Добавить в цитаты Настройки чтения

Страница 5 из 16

— Ты баянист, — сказал политрук, разглядывая Володькины характеристики. — Это хорошо. У нас здесь 45 семейных офицеров, значит — 45 жен. Бабы бесятся от безделья. Создадим хор, будешь им руководить.

Кроме офицерских жен, в хоре пели несколько солдат. Парни молодые, крепкие. А офицеры, между прочим, по многу лет проработали на радиолокационных станциях. Облучение на этих станциях считается незначительным, но это только считается — кто мог знать силу его лучше, чем жены этих офицеров. Так что пел хор хорошо, слаженно, и так же слаженно образовавшиеся в нем любовные парочки, и даже иногда треугольники, проводили достававшееся им урывками время, неподнадзорное ни начальству, ни главам офицерских семейств.

Легко предвидеть, к чему шло дело — начались скандалы, драки, доходило и до поножовщины. К счастью, из Свердловска поступил запрос на баянистов, и, спустя некоторое время, сержант Владимир Рачихин уже был приписан к воинской части, стоявшей в Челябинске и являвшейся, по сути дела, музыкальным ансамблем Уральского военного округа. Было в нем 16 баянистов, были певцы — тоже из солдат, проходивших срочную службу.

Но не может же полноценный хор — а начальство хотело его видеть именно таким — обойтись без женских голосов! И эти голоса были — принадлежали они хорошеньким вольнонаемным актрисам, что постоянно и естественно создавало в ансамбле взрывоопасную ситуацию. А потому, вскоре же после своего создания, был этот ансамбль расформирован, и последующие месяцы военной службы Рачихина полетели вовсе незаметно — в спортивной роте. Соревнования по легкой атлетике, первенство округа по гандболу, тренировки… а в перерывах между ними — самоволки.

Володьку всегда тянуло бежать, куда — не представлялось столь уж важным, главное — на свободу.
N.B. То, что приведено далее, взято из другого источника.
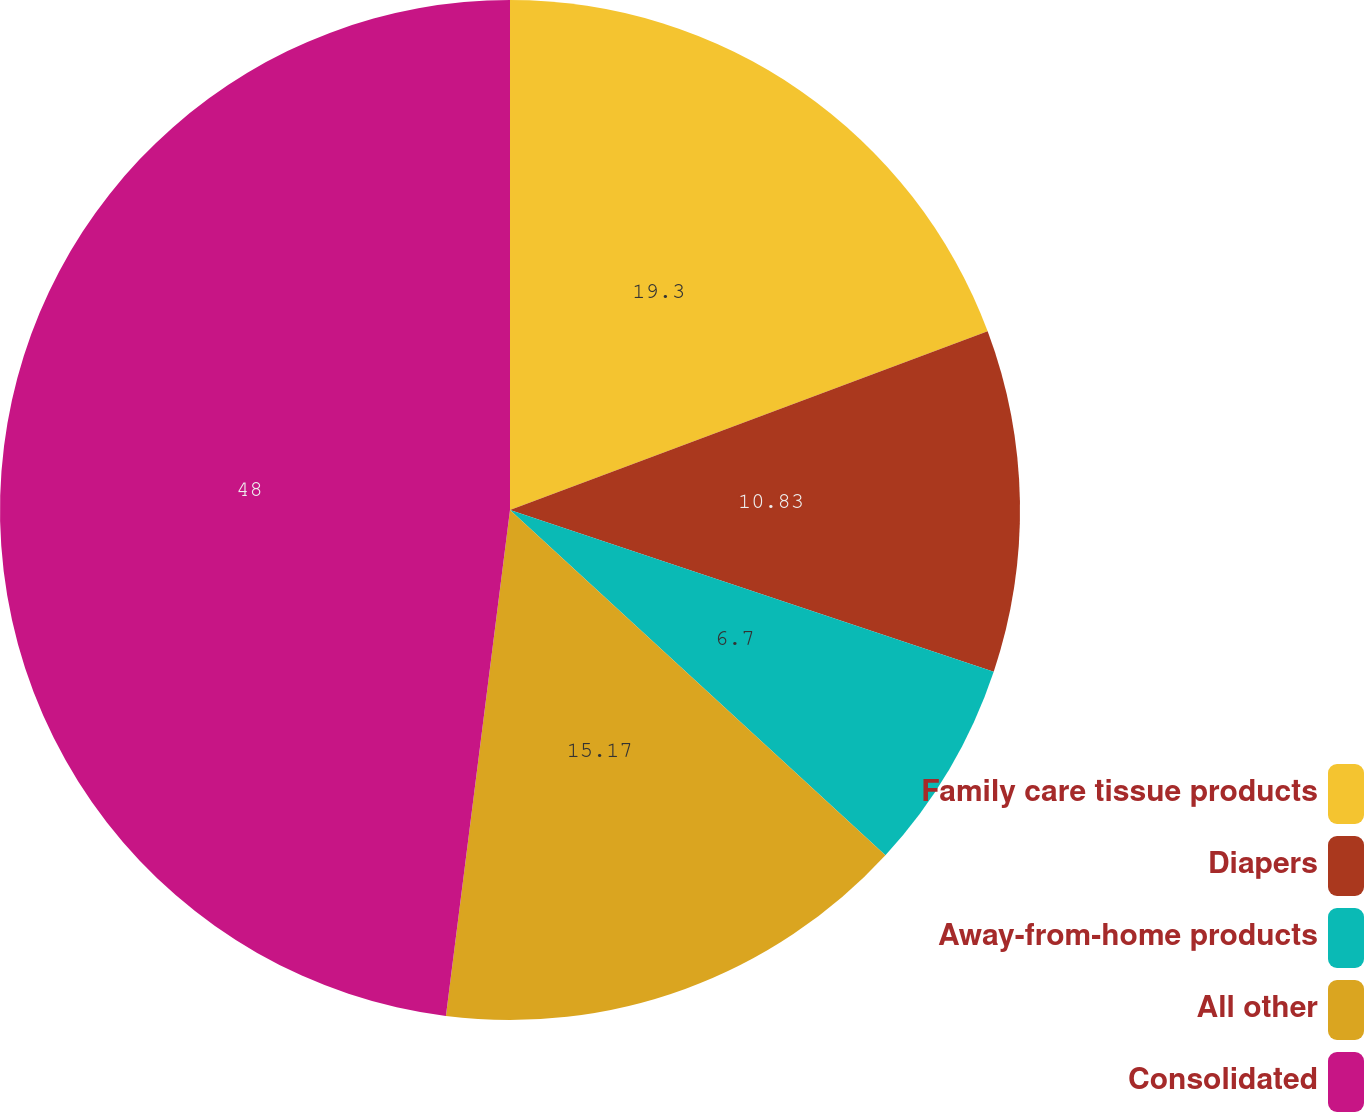<chart> <loc_0><loc_0><loc_500><loc_500><pie_chart><fcel>Family care tissue products<fcel>Diapers<fcel>Away-from-home products<fcel>All other<fcel>Consolidated<nl><fcel>19.3%<fcel>10.83%<fcel>6.7%<fcel>15.17%<fcel>47.99%<nl></chart> 
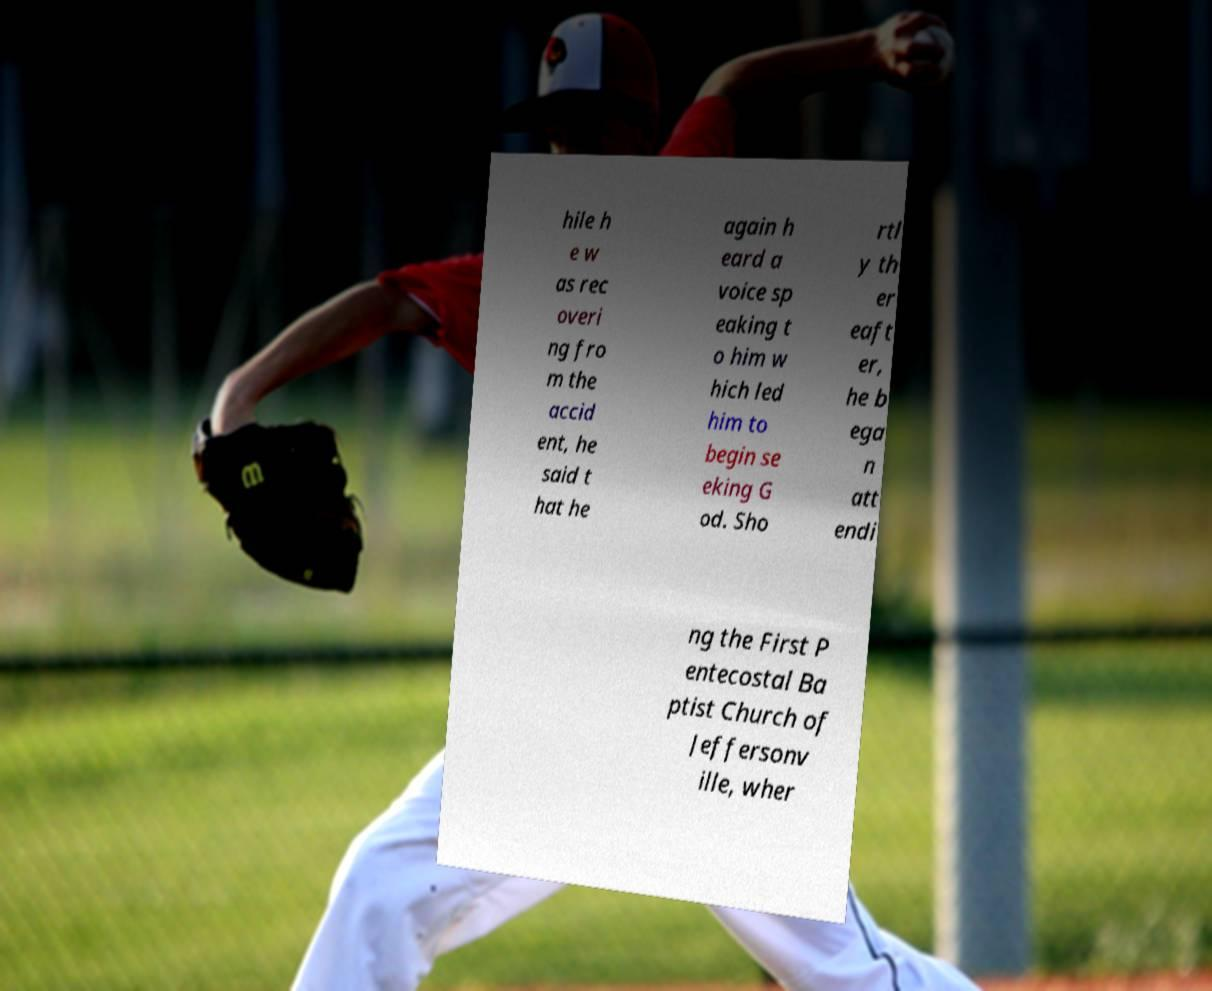Could you extract and type out the text from this image? hile h e w as rec overi ng fro m the accid ent, he said t hat he again h eard a voice sp eaking t o him w hich led him to begin se eking G od. Sho rtl y th er eaft er, he b ega n att endi ng the First P entecostal Ba ptist Church of Jeffersonv ille, wher 
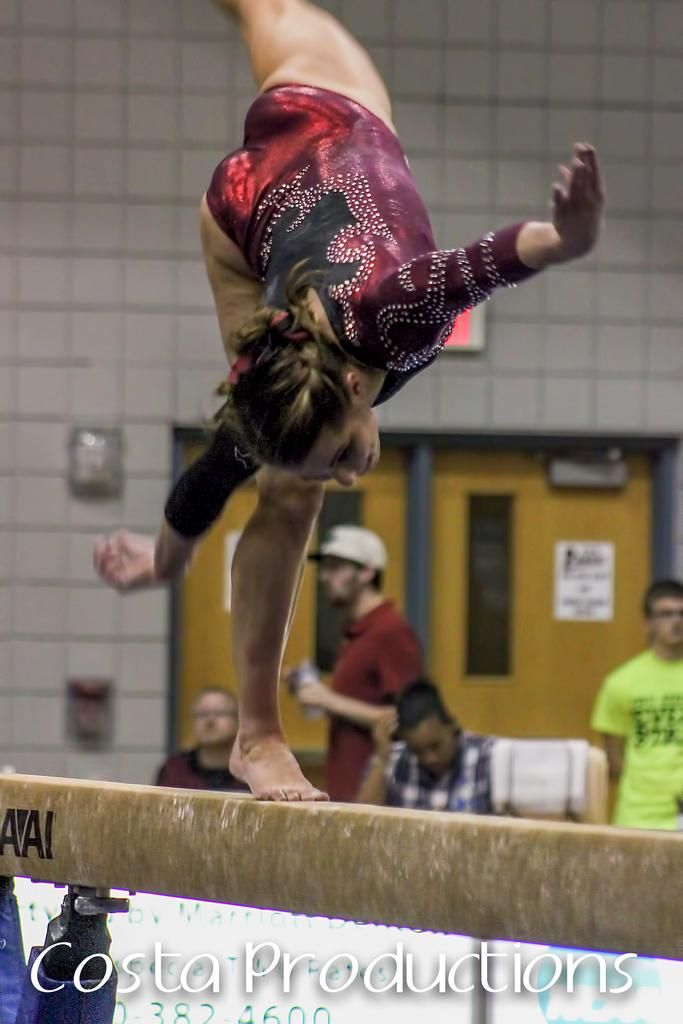Who is the main subject in the image? There is a lady in the image. What is the lady standing on? The lady is standing on a wooden object. What can be seen in the background of the image? There are people, a wall, and other objects visible in the background of the image. What type of sand can be seen in the image? There is no sand present in the image. Can you see any magic happening in the image? There is no magic happening in the image. 
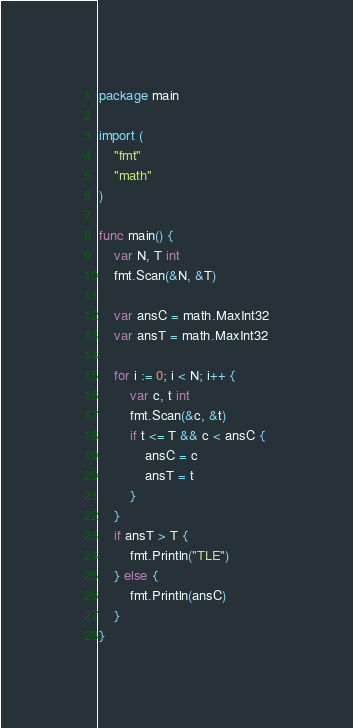<code> <loc_0><loc_0><loc_500><loc_500><_Go_>package main

import (
	"fmt"
	"math"
)

func main() {
	var N, T int
	fmt.Scan(&N, &T)

	var ansC = math.MaxInt32
	var ansT = math.MaxInt32

	for i := 0; i < N; i++ {
		var c, t int
		fmt.Scan(&c, &t)
		if t <= T && c < ansC {
			ansC = c
			ansT = t
		}
	}
	if ansT > T {
		fmt.Println("TLE")
	} else {
		fmt.Println(ansC)
	}
}
</code>

В окно казармы, через туалет офицерского клуба, по водосточной трубе оружейного склада… И нисколько этому не мешала, и ни в какое противоречие с занимаемыми им комсомольскими постами, а позже и с принадлежностью к полковой партийной организации, куда он был уже принят, не входила Володькина совесть — просто он всегда знал, что какая-то часть жизни должна оставаться только для него, и ко всему, что выходит за ее рамки, он старался относиться легко, так, чтобы не очень этого замечать. Впрочем, сам он вовсе не задумывался, откуда у него эта тяга, повод же для самоволки был, как правило, одинаков — женщины, и подобной возможностью Володька старался не пренебрегать.

Случались иногда и вполне легальные отлучки из части — когда Рачихина посылали в командировки. Перед одной из них, в Златоуст, получил он из Сибири письмо: «…Дед твой, Володечка, родной отец твоей матери, живет в Миассе».

За три дня до конца командировки, когда служебные дела завершились, взял он билет на поезд, протиснувшись через толпу солдатских шинелей и телогреек, пропахших махоркой и потом, пристроился на фанерном чемоданчике позади ближней к тамбуру скамьи, задремал.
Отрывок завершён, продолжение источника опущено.